__Problem statement__: What lines in this listing contain the string "subtitle"? Report each one by copying it.

★ ★ ★ ★

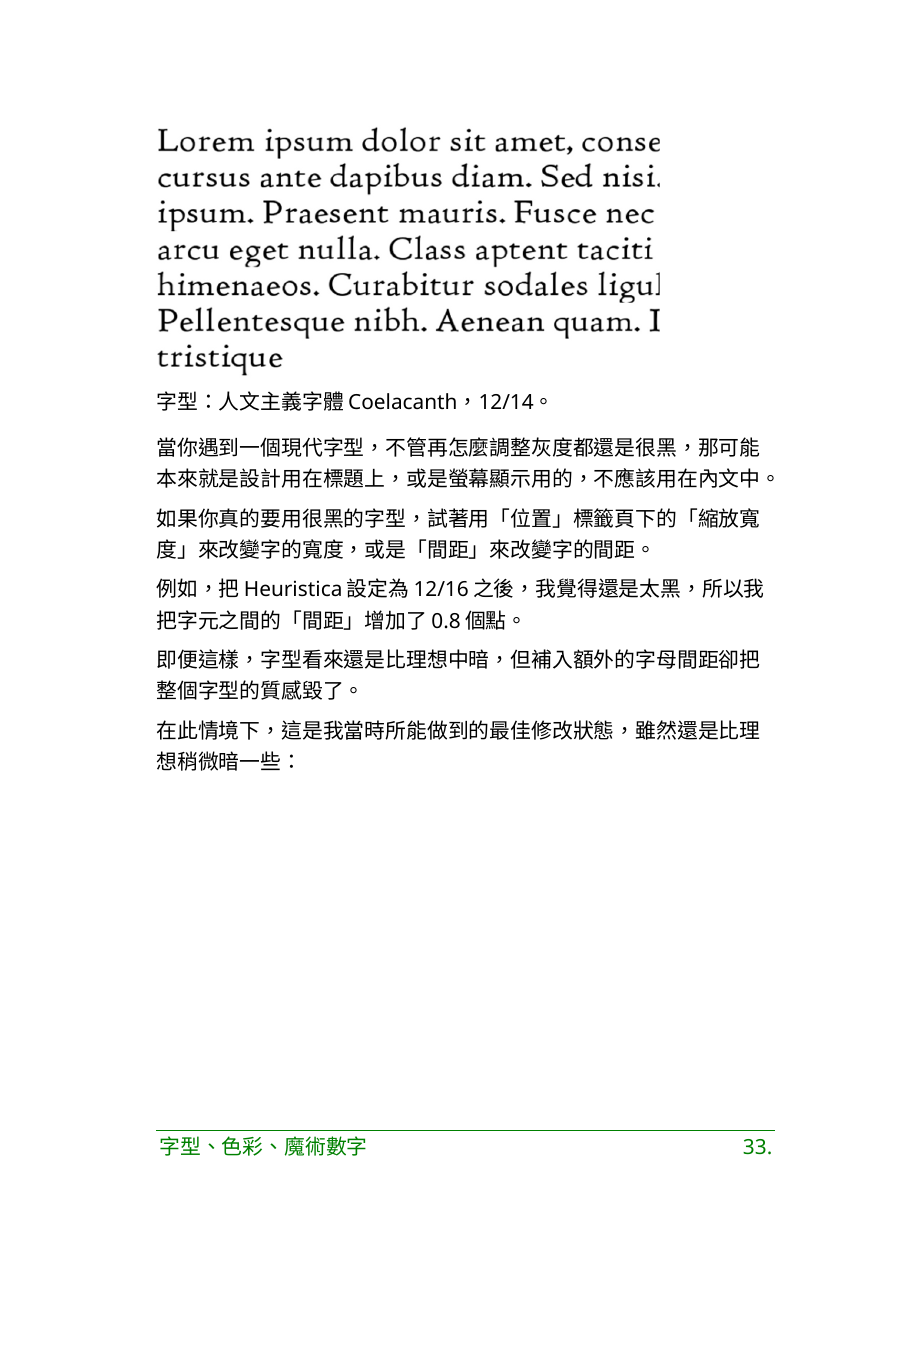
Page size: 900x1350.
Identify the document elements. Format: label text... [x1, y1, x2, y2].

table_header [156, 125, 775, 379]
text 當你遇到一個現代字型，不管再怎麼調整灰度都還是很黑，那可能本來就是設計用在標題上，或是螢幕顯示用的，不應該用在內文中。 [156, 430, 775, 493]
text 即便這樣，字型看來還是比理想中暗，但補入額外的字母間距卻把整個字型的質感毀了。 [156, 643, 775, 705]
text 如果你真的要用很黑的字型，試著用「位置」標籤頁下的「縮放寬度」來改變字的寬度，或是「間距」來改變字的間距。 [156, 501, 775, 563]
table_cell 字型：人文主義字體Coelacanth，12/14。 [156, 380, 775, 414]
picture [156, 125, 660, 378]
text 例如，把Heuristica設定為12/16之後，我覺得還是太黑，所以我把字元之間的「間距」增加了0.8個點。 [156, 572, 775, 634]
text 在此情境下，這是我當時所能做到的最佳修改狀態，雖然還是比理想稍微暗一些： [156, 713, 775, 776]
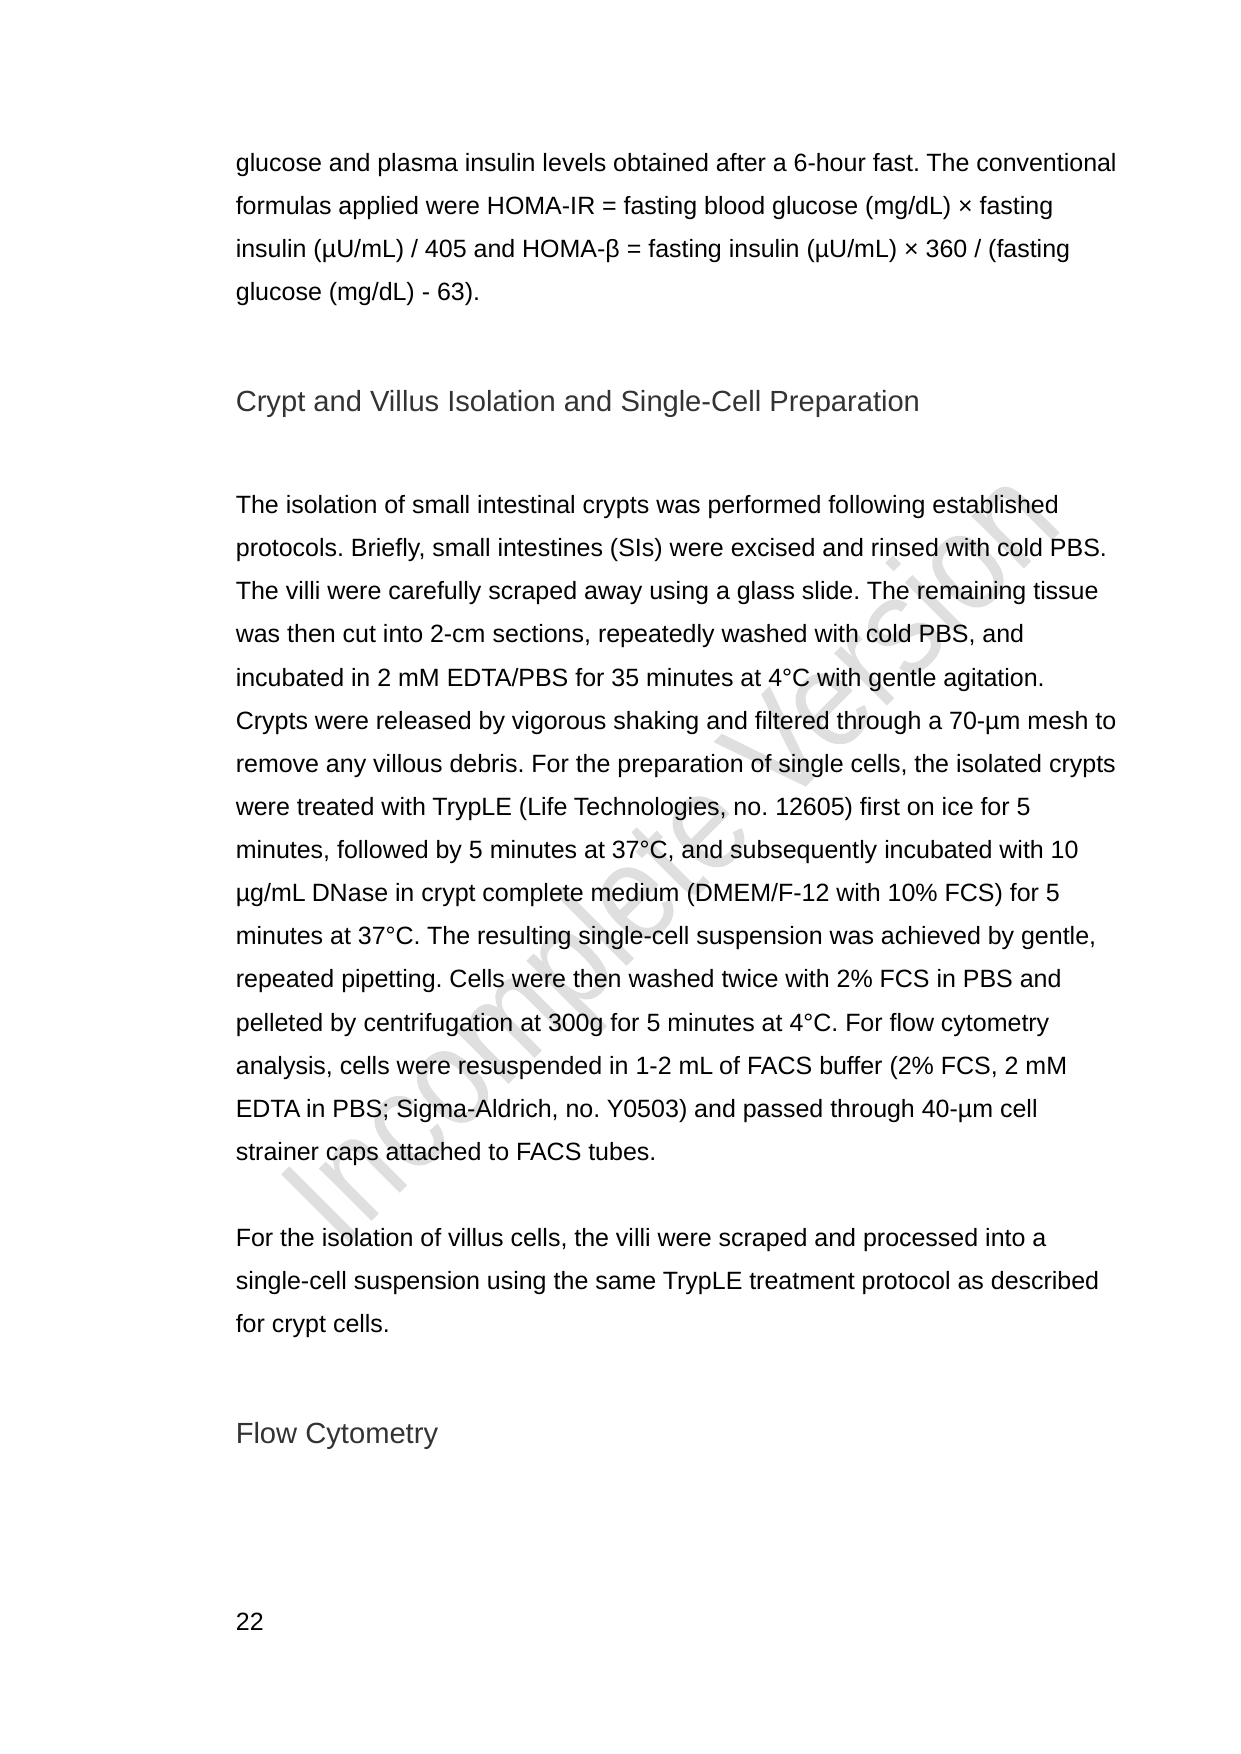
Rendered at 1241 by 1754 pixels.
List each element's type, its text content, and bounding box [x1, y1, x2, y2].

text The isolation of small intestinal crypts was performed following established protocols. Briefly, small intestines (SIs) were excised and rinsed with cold PBS. The villi were carefully scraped away using a glass slide. The remaining tissue was then cut into 2-cm sections, repeatedly washed with cold PBS, and incubated in 2 mM EDTA/PBS for 35 minutes at 4°C with gentle agitation. Crypts were released by vigorous shaking and filtered through a 70-µm mesh to remove any villous debris. For the preparation of single cells, the isolated crypts were treated with TrypLE (Life Technologies, no. 12605) first on ice for 5 minutes, followed by 5 minutes at 37°C, and subsequently incubated with 10 µg/mL DNase in crypt complete medium (DMEM/F-12 with 10% FCS) for 5 minutes at 37°C. The resulting single-cell suspension was achieved by gentle, repeated pipetting. Cells were then washed twice with 2% FCS in PBS and pelleted by centrifugation at 300g for 5 minutes at 4°C. For flow cytometry analysis, cells were resuspended in 1-2 mL of FACS buffer (2% FCS, 2 mM EDTA in PBS; Sigma-Aldrich, no. Y0503) and passed through 40-µm cell strainer caps attached to FACS tubes. [236, 490, 1122, 1166]
subtitle Flow Cytometry [236, 1416, 1122, 1450]
subtitle Crypt and Villus Isolation and Single-Cell Preparation [236, 384, 1122, 418]
text glucose and plasma insulin levels obtained after a 6-hour fast. The conventional formulas applied were HOMA-IR = fasting blood glucose (mg/dL) × fasting insulin (µU/mL) / 405 and HOMA-β = fasting insulin (µU/mL) × 360 / (fasting glucose (mg/dL) - 63). [236, 148, 1122, 306]
text For the isolation of villus cells, the villi were scraped and processed into a single-cell suspension using the same TrypLE treatment protocol as described for crypt cells. [236, 1223, 1122, 1338]

★ ★ ★ ★

__Response__:
subtitle Flow Cytometry [236, 1416, 1122, 1450]
subtitle Crypt and Villus Isolation and Single-Cell Preparation [236, 384, 1122, 418]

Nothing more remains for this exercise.